Si el viajero da una vuelta en derredor de la iglesia de San Juan de Moraime hallará una pequeña puerta en la que se ve, en el tímpano, una escultura románica. Se trata de una mesa que recuerda a la Última Cena en la que se ve a Jesucristo al lado de un niño y de seis personajes que lo señalan con el dedo índice.

No menos impactante es la portada de la iglesia, que destaca por su rica ornamentación de profunda carga simbólica. Las mismas siete figuras, sin contar al niño, sentadas a la mesa las encontramos en primer plano en la portada.

Al viajero le sorprenderá ver a la izquierda de la entrada unas valiosas lápidas sepulcrales. Como las del cementerio de Noia, no hay una de ellas que contenga la profusión de símbolos gremiales que contiene una de las de Moraime. Otra muy hermosa es la que tiene grabada una espada que cruza verticalmente un corazón.

Los orígenes de San Julián son inciertos, aunque la historia demuestra que el lugar estuvo habitado al menos desde época romana, antes de ser un lugar de culto cristiano.

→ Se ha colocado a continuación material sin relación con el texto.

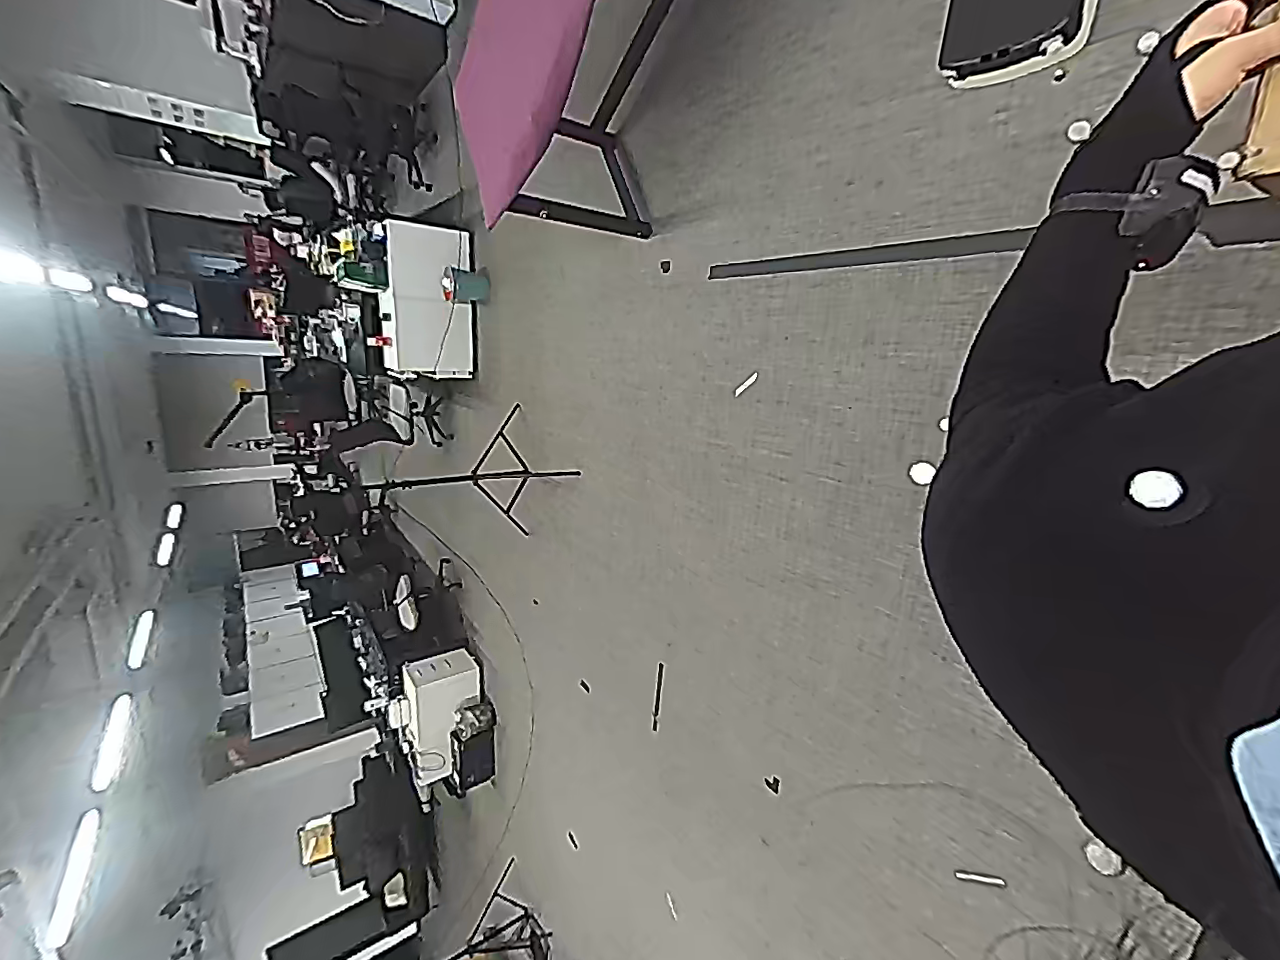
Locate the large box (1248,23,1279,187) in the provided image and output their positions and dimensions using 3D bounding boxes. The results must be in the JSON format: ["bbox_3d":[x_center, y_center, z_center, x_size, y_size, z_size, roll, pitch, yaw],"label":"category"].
[{"bbox_3d":[0.673,-0.354,0.270,0.408,0.320,0.320,21,115,56],"label":"large box"}]

En los trabajos de excavación apareció entonces parte de lo que pudo ser un complejo termal, cerámica y monedas.

La documentación resultante de la excavación en la necrópolis aportó una dotación de los siglos V al XI. Se trataba de una necrópolis pequeña, de 15 a 20 individuos, enterramientos humildes, pero entre los que aparecieron objetos litúrgicos que hacen pensar en la existencia de un templo altomedieval, quizás tardoantiguo.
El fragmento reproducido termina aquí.